(NEW YORK) — One of the most common problems that can plague those who have undergone mastectomies — such as actress Angelina Jolie — is lymphedema, a painful swelling of the arm.
Between 5 percent and 20 percent of women develop this chronic and debilitating condition in the first three years after surgery, according to the American College of Surgeons.
Not so long ago, patients with lymphedema were told to lay low. Doctors worried that even something as simple as holding a purse or pushing open a door would overuse the afflicted arm and worsen the swelling.
But the thousands of post-mastectomy patients who’ve take up the ancient Chinese sport of dragon boat racing — paddling a large, long canoe with a dragon head at the front and a dragon tail at the back — have helped change that thinking. Many swear by the sport as a way to help manage their hand and arm swelling.
“When I heard about dragon boat racing, I thought, Oh sure, that’s for me,” said Kathy Christiansen, a 58-year-old nurse who took up dragon boating in 2006 a few years after undergoing a partial mastectomy in her right breast. “I was told about all these restrictions, but I have always been an athletic person, and I couldn’t see following them.”
Christiansen said she rarely had lymphedema symptoms and believed it was because of all her physical activity since having surgery, not least of all dragon boat racing. At her last checkup, the doctor noticed her right arm was actually smaller than her unaffected left arm.
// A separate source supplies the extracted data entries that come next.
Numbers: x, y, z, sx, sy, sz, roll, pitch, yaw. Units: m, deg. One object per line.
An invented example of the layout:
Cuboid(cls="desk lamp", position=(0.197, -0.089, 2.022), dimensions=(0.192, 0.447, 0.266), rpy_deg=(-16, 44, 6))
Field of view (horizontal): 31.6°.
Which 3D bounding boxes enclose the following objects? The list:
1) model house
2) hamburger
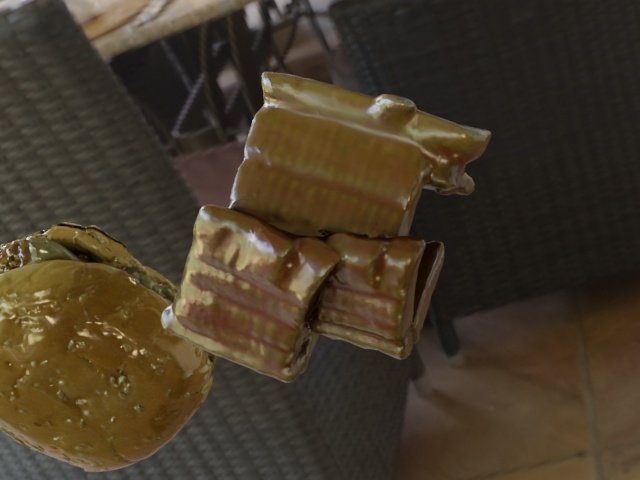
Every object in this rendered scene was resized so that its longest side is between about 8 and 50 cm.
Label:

Dragon boating was first used for breast cancer recovery in 1996 by a physician trying to test his theory that more, not less, upper-body exercise could help reduce lymphedema. His subsequent studies found that paddlers had less swelling and fewer physical limitations compared with breast cancer survivors who did not exercise.
Since that first boat took to the water, more than a hundred breast-cancer survivor dragon boat teams have formed worldwide. The boats hold up to 20 paddlers plus a caller who sits near the head and someone in the back to steer the boat. In competitions, the caller also beats a ceremonial drum to help paddlers keep to the same rhythm.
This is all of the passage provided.